» **Requirement**
The range runs from the line containing "name at (x, y, z)" through the last line of the material below; retype it exactly, leaving out the pictures.

Segment Start: Data extract

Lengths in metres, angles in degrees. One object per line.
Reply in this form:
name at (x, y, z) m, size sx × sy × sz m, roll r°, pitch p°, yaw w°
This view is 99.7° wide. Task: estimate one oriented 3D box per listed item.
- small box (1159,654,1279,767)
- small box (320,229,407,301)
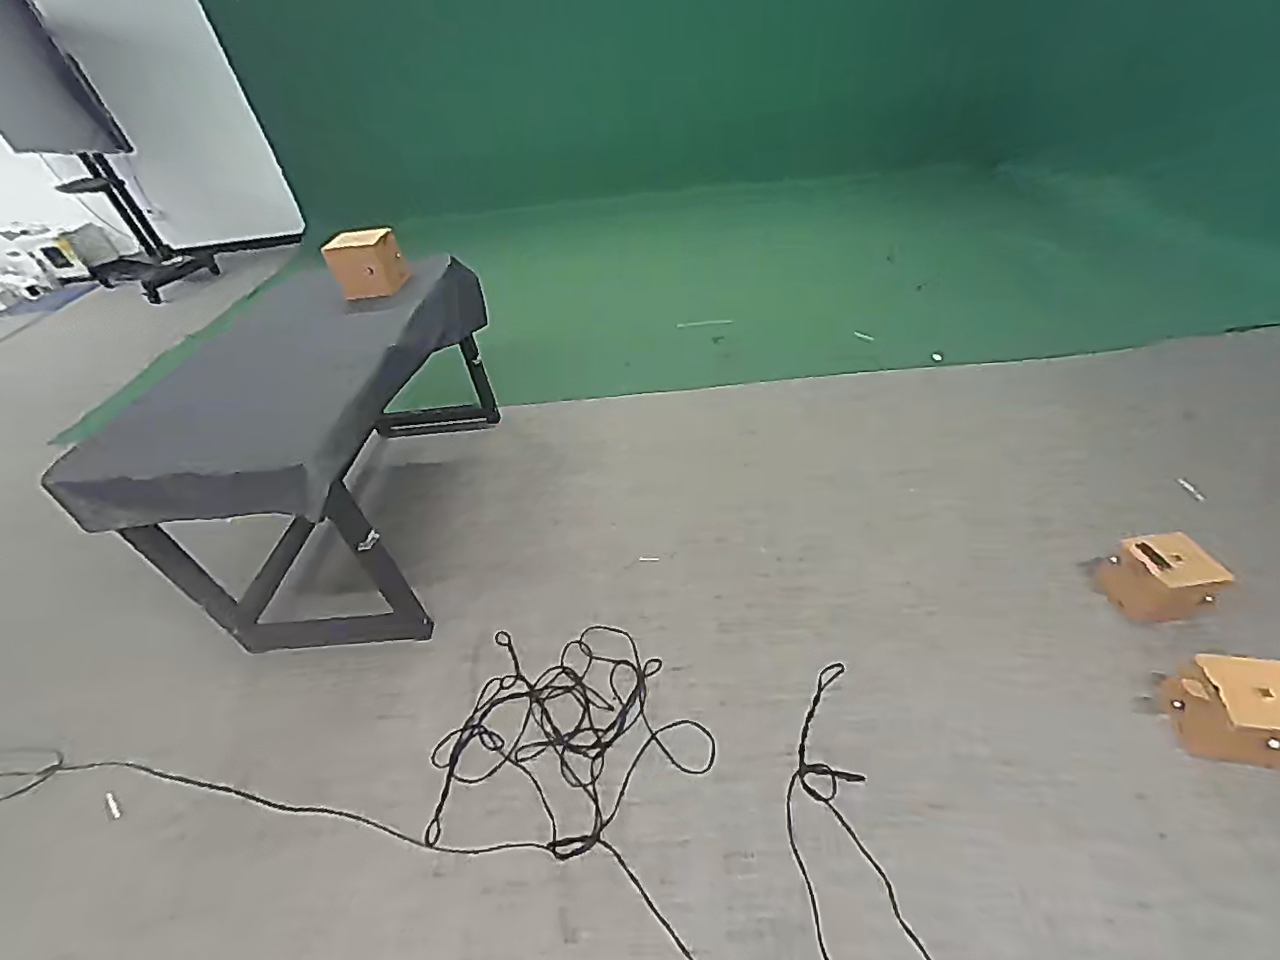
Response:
small box at (1.310, 0.506, 1.180) m, size 0.179 × 0.176 × 0.168 m, roll 2°, pitch 43°, yaw 12°
small box at (-0.905, -0.713, 1.795) m, size 0.179 × 0.176 × 0.168 m, roll -5°, pitch 40°, yaw 5°
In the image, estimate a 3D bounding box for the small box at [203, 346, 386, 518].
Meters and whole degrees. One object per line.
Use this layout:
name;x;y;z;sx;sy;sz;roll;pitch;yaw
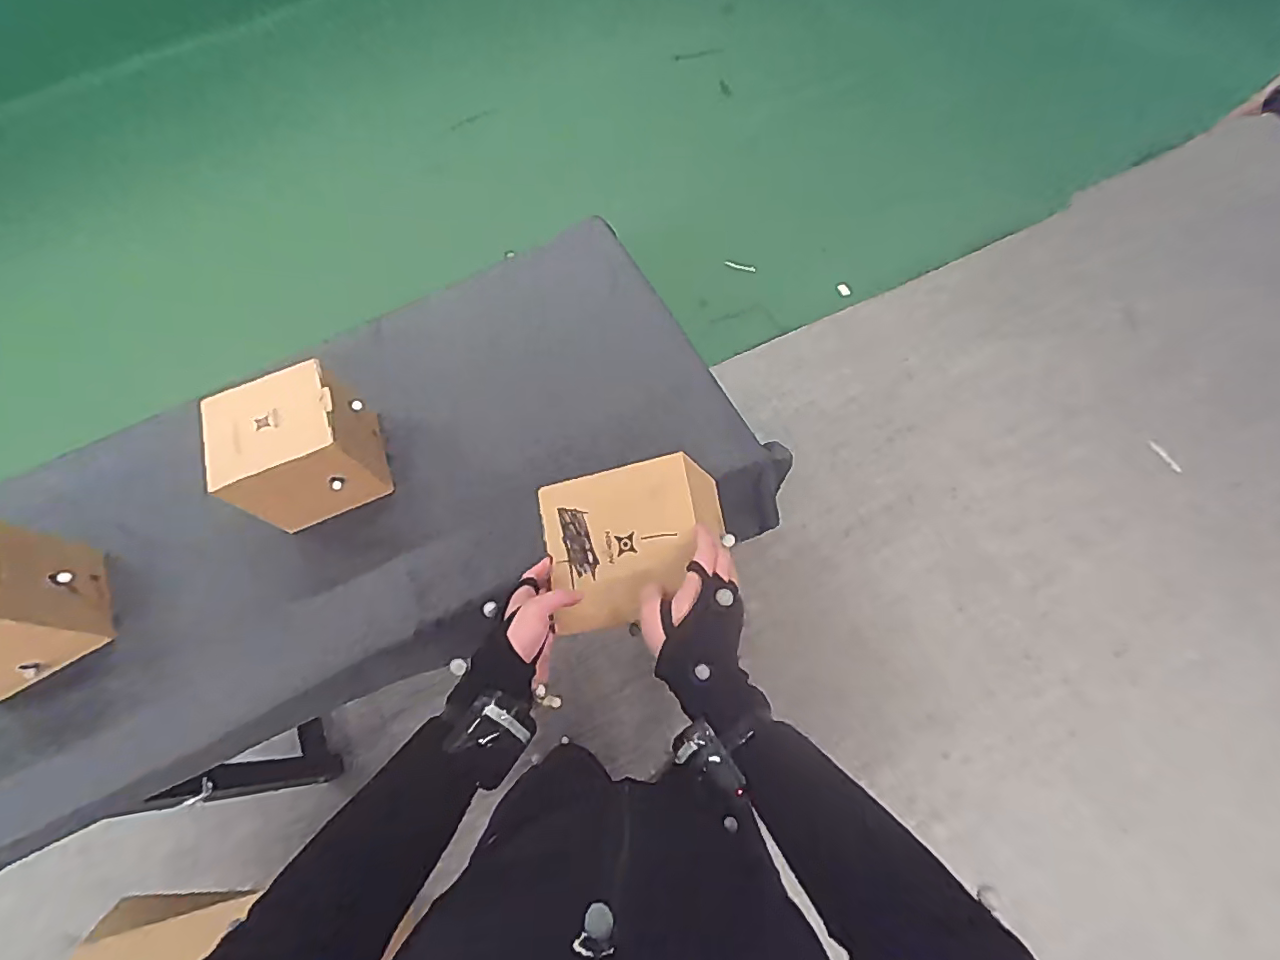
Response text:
small box;-0.514;-0.066;0.827;0.179;0.176;0.168;-23;65;-4

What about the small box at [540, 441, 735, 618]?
small box;0.003;0.068;0.642;0.179;0.176;0.168;-13;76;16

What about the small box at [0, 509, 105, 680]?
small box;-0.911;0.161;0.759;0.179;0.176;0.168;-30;67;-10

Segment End: Data extract

» **Answer to this task**
name at (x, y, z) m, size sx × sy × sz m, roll r°, pitch p°, yaw w°
This view is 99.7° wide. Task: estimate one oriented 3D box per listed item.
- small box (1159,654,1279,767)
- small box (320,229,407,301)
Response:
small box at (1.310, 0.506, 1.180) m, size 0.179 × 0.176 × 0.168 m, roll 2°, pitch 43°, yaw 12°
small box at (-0.905, -0.713, 1.795) m, size 0.179 × 0.176 × 0.168 m, roll -5°, pitch 40°, yaw 5°
In the image, estimate a 3D bounding box for the small box at [203, 346, 386, 518].
Meters and whole degrees. One object per line.
Use this layout:
name;x;y;z;sx;sy;sz;roll;pitch;yaw
Response text:
small box;-0.514;-0.066;0.827;0.179;0.176;0.168;-23;65;-4

What about the small box at [540, 441, 735, 618]?
small box;0.003;0.068;0.642;0.179;0.176;0.168;-13;76;16

What about the small box at [0, 509, 105, 680]?
small box;-0.911;0.161;0.759;0.179;0.176;0.168;-30;67;-10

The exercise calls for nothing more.